> [What you should do]:
The lines below starting at the line containing "Provide a succinct answer. 2.76e+08." and ending at the line containing "Make the answer very short. 9.60e+06." are to be repeated exactly, with both ends kept and nothing else added.

# # # #

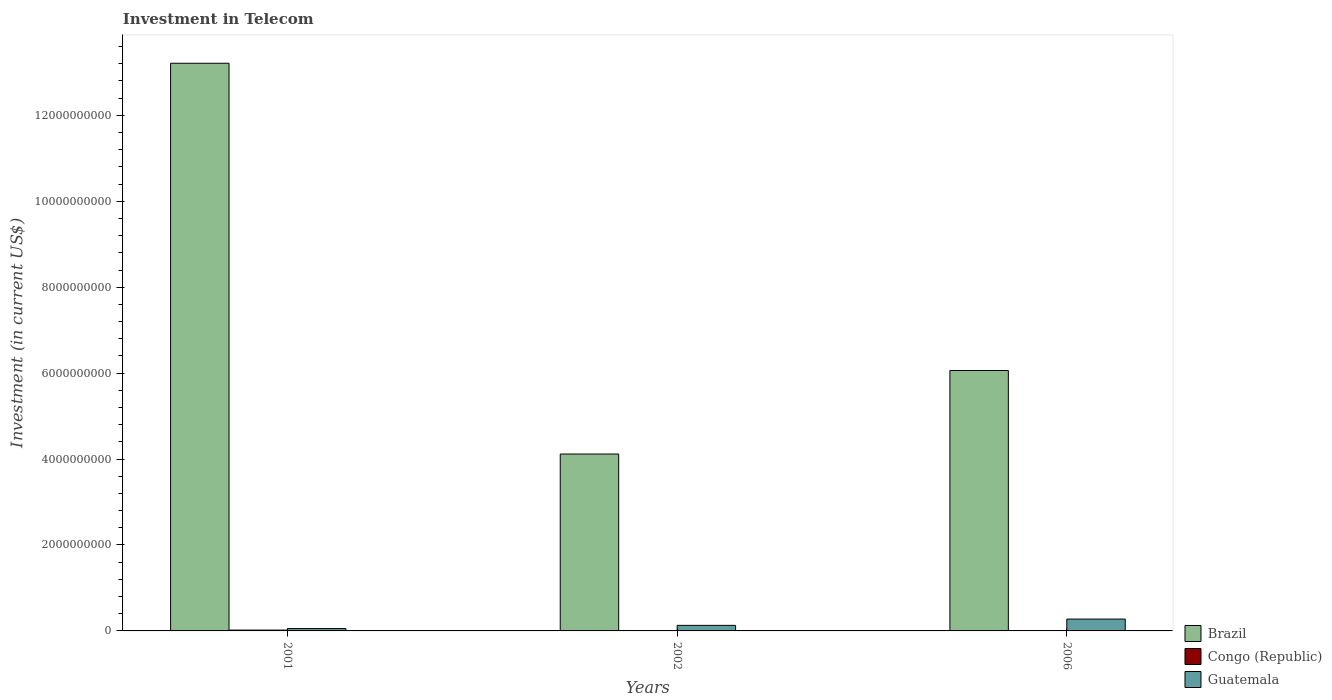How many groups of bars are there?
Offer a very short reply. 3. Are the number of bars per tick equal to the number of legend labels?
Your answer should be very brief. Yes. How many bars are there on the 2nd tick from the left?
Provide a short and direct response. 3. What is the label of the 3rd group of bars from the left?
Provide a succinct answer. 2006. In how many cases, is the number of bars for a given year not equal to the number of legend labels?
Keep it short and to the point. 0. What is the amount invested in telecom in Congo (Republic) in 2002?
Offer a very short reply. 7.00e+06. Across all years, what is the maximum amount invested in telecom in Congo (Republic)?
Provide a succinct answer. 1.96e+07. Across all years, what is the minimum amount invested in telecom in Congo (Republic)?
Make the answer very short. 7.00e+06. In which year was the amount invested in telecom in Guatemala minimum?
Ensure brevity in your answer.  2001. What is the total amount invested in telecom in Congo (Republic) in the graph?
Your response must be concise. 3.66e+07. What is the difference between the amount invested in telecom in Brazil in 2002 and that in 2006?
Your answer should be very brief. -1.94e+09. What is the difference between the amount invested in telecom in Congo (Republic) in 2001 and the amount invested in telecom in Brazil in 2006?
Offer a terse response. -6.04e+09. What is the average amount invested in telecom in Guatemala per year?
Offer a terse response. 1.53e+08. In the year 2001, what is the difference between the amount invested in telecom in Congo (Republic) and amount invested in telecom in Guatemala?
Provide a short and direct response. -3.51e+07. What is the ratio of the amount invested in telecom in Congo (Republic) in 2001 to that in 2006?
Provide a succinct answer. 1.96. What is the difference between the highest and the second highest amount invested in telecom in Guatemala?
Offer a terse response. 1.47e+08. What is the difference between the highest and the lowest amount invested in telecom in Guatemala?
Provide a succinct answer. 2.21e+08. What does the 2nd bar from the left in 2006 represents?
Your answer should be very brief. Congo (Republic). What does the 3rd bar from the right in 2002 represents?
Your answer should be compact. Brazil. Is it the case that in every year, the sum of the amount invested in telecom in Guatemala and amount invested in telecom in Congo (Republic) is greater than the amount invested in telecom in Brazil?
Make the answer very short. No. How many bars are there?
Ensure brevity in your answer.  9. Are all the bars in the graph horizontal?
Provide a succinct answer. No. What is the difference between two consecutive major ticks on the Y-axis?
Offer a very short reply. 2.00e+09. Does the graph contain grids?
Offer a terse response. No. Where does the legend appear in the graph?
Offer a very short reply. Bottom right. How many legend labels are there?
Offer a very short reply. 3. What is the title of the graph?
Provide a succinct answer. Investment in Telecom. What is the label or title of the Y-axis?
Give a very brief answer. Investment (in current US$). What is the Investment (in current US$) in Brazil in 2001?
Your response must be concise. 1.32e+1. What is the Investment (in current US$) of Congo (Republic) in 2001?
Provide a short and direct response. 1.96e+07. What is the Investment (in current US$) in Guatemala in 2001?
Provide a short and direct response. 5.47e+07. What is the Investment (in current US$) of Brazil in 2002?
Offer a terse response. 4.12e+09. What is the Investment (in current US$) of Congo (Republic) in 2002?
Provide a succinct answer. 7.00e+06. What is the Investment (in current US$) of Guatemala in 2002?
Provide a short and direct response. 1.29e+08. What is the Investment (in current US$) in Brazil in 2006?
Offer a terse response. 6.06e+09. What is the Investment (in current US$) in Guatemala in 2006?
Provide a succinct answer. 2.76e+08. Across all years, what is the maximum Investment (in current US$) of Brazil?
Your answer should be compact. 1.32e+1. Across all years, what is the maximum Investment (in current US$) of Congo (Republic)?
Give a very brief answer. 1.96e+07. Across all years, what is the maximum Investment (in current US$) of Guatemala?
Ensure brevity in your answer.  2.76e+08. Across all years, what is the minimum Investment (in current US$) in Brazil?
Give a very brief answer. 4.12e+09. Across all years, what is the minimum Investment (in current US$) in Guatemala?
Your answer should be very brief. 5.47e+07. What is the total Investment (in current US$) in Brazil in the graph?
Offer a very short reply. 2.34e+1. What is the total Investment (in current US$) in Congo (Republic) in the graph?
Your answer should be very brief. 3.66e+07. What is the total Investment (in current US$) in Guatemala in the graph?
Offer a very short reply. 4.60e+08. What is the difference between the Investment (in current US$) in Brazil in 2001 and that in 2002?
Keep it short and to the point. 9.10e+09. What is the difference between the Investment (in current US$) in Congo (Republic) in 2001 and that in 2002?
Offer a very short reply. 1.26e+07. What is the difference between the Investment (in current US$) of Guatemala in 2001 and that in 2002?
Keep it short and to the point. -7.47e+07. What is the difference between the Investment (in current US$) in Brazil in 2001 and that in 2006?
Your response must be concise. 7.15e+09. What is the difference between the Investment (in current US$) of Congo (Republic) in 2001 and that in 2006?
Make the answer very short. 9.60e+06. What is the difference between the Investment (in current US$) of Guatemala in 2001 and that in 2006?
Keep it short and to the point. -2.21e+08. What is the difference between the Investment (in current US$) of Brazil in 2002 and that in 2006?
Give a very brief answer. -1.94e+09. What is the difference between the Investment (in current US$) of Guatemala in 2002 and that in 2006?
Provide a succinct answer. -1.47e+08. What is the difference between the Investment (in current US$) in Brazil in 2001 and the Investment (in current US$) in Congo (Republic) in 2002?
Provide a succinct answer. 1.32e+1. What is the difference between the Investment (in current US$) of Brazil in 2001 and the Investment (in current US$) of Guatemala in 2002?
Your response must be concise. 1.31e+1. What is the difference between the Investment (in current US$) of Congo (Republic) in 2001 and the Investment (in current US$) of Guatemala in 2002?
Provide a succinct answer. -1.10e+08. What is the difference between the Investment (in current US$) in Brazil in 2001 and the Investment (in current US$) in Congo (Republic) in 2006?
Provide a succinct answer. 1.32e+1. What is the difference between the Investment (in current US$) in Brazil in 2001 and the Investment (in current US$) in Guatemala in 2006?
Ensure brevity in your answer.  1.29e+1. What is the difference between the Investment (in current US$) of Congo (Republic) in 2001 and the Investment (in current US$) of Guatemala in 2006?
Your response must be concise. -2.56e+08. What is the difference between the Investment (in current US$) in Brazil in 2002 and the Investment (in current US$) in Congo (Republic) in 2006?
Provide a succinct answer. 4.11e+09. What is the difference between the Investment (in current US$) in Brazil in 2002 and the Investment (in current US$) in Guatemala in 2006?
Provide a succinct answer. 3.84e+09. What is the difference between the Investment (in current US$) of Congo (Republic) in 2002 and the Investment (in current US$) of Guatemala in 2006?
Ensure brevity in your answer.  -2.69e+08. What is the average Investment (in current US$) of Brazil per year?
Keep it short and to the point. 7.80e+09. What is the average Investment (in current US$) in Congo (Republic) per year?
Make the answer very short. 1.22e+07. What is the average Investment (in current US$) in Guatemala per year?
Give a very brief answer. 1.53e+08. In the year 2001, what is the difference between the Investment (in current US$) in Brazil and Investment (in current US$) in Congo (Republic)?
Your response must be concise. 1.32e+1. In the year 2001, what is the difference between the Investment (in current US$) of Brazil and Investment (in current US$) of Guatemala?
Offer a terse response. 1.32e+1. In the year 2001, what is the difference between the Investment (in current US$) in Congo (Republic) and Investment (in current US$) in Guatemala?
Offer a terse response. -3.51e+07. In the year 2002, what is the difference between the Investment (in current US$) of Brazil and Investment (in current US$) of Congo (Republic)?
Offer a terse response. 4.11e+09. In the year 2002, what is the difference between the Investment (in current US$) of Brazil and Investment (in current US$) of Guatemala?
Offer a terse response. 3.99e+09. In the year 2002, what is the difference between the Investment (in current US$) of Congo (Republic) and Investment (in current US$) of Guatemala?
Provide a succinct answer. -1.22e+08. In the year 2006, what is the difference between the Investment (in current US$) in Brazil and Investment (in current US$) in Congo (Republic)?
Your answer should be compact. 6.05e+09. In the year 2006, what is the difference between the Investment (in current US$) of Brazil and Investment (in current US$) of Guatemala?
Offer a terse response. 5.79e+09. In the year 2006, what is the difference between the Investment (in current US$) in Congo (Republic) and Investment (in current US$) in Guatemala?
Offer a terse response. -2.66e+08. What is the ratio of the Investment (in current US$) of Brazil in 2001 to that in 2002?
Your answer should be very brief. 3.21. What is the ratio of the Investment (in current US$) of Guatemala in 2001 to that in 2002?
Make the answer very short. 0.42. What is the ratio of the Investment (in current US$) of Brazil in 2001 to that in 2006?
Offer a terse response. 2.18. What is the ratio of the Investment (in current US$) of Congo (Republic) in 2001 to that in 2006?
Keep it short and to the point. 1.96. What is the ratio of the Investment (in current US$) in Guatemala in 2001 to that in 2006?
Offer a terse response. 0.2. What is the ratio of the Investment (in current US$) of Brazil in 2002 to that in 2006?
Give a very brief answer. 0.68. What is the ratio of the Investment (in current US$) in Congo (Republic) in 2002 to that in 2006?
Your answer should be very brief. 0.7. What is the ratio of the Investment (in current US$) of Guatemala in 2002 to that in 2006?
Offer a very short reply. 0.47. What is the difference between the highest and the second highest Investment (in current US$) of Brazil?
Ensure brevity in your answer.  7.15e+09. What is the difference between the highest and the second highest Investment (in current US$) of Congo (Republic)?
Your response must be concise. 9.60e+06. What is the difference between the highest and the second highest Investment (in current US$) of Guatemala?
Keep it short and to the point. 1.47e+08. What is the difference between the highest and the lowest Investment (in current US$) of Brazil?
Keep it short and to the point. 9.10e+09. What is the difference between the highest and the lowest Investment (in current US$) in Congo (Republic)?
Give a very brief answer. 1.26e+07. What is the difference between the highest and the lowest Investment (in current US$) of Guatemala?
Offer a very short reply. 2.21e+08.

# # # #

> [Solution to this exercise]:
Provide a succinct answer. 2.76e+08. Across all years, what is the maximum Investment (in current US$) of Brazil?
Your answer should be compact. 1.32e+1. Across all years, what is the maximum Investment (in current US$) of Congo (Republic)?
Give a very brief answer. 1.96e+07. Across all years, what is the maximum Investment (in current US$) of Guatemala?
Ensure brevity in your answer.  2.76e+08. Across all years, what is the minimum Investment (in current US$) in Brazil?
Give a very brief answer. 4.12e+09. Across all years, what is the minimum Investment (in current US$) in Guatemala?
Your answer should be very brief. 5.47e+07. What is the total Investment (in current US$) in Brazil in the graph?
Offer a very short reply. 2.34e+1. What is the total Investment (in current US$) in Congo (Republic) in the graph?
Your answer should be very brief. 3.66e+07. What is the total Investment (in current US$) in Guatemala in the graph?
Offer a very short reply. 4.60e+08. What is the difference between the Investment (in current US$) in Brazil in 2001 and that in 2002?
Keep it short and to the point. 9.10e+09. What is the difference between the Investment (in current US$) in Congo (Republic) in 2001 and that in 2002?
Offer a very short reply. 1.26e+07. What is the difference between the Investment (in current US$) of Guatemala in 2001 and that in 2002?
Keep it short and to the point. -7.47e+07. What is the difference between the Investment (in current US$) in Brazil in 2001 and that in 2006?
Your response must be concise. 7.15e+09. What is the difference between the Investment (in current US$) of Congo (Republic) in 2001 and that in 2006?
Make the answer very short. 9.60e+06. What is the difference between the Investment (in current US$) of Guatemala in 2001 and that in 2006?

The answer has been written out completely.